The situation points out the risks to earlier investors, especially angel investors, who tend to lose control over their investments when later rounds are done. They get pushed down the stack. The founders, unfortunately, never win unless the company succeeds. That is usually what investors insist on. The founders need to be motivated.

I was lucky in my investment. I participated in the last funding round, had a senior liquidation preference, and when the company was sold off I got about half my money back. I would like to think I was really smart but the fact is the terms were negotiated before I got involved. And, unfortunately, the company did not make it, which is never a good outcome.

In reality, the majority of companies experience some sort of exit event that is not ideal. Liquidation preferences play a very important role in these cases. It can even play a role in “good exits” in that it can direct outsize proceeds to preferred stockholders, or create funny incentives when the investors are entitled to receive identical payouts under different scenarios that treat common shareholders unequally. Founders and investors need to clearly understand these terms and work through what happens in various scenarios.

This has been a basic overview of the liquidation preference. For more information, I suggest some follow-on links, which include sample text, examples and language from actual deals.

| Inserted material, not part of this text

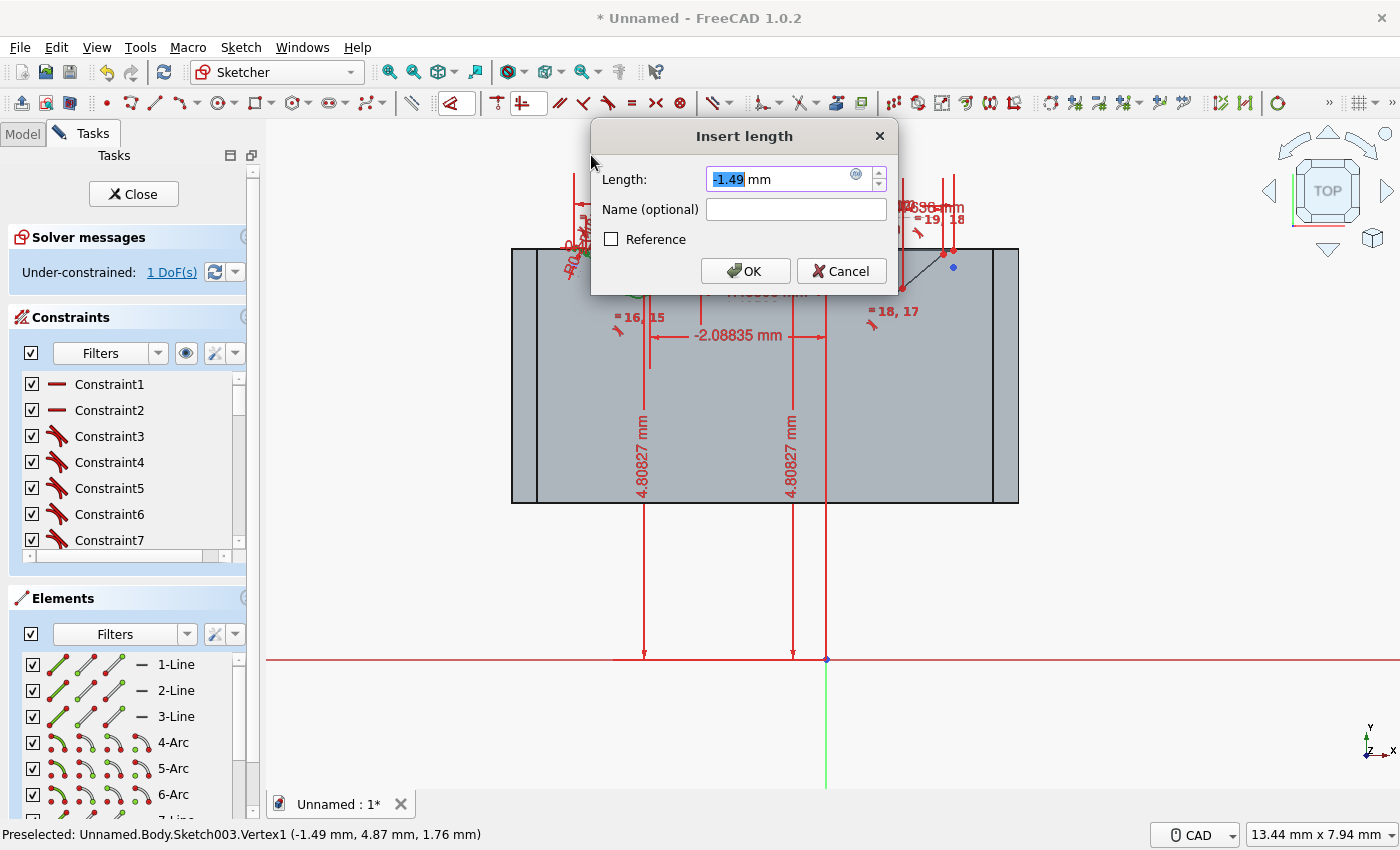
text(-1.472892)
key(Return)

http://www.burningdoor.com/askthewizard/2007/04/venture_terms_liquidation_pref.html
http://www.feld.com/wp/archives/2005/01/term-sheet-liquidation-preference.html
http://www.altgate.com/blog/2008/05/how-liquidation.html

2 Responses to “Understanding the Liquidation Preference”

  1. Berislav Lopac Says:

    While I can understand the benefits for the investor, I have never really understood why would any entrepreneur accept liquidation preference. To me, equity investors always seemed as an alternative to more traditional, debt investors, since they share the risk together with the entrepreneur. With liquidation preference a VC is no better than a bank, and in some ways it’s much worse; a bank takes just the interest, but with liquidation preference an investor essentially provides a loan while still taking a share in the company. And don’t let me even start on the multiple liquidation preferences.

  2. jstjean Says:

    Thank you for your comment.

    The types of businesses taking equity investment are usually not qualified for debt financing, at least the early stage ones. So equity financing is often the only option. Some type of liquidation preference is standard and accepted by both entrepreneurs and investors (for some very interesting reading on this visit http://www.cdixon.org/?p=271).

    Some early investors may take common shares, but it can be risky especially for larger dollars. Without a liquidation preference, it is possible for the founder to fold the company shortly following the investment and legally walk away with a portion of the investors money. This is real risk if the investor does not have majority control. The 1x liquidation preference is a reasonably fair way to mitigate that risk. I agree that high multiples and participating sweeteners seem draconian, but even they can have their place when they set a minimum return level for an investor that otherwise cannot control the parameters of an exit event.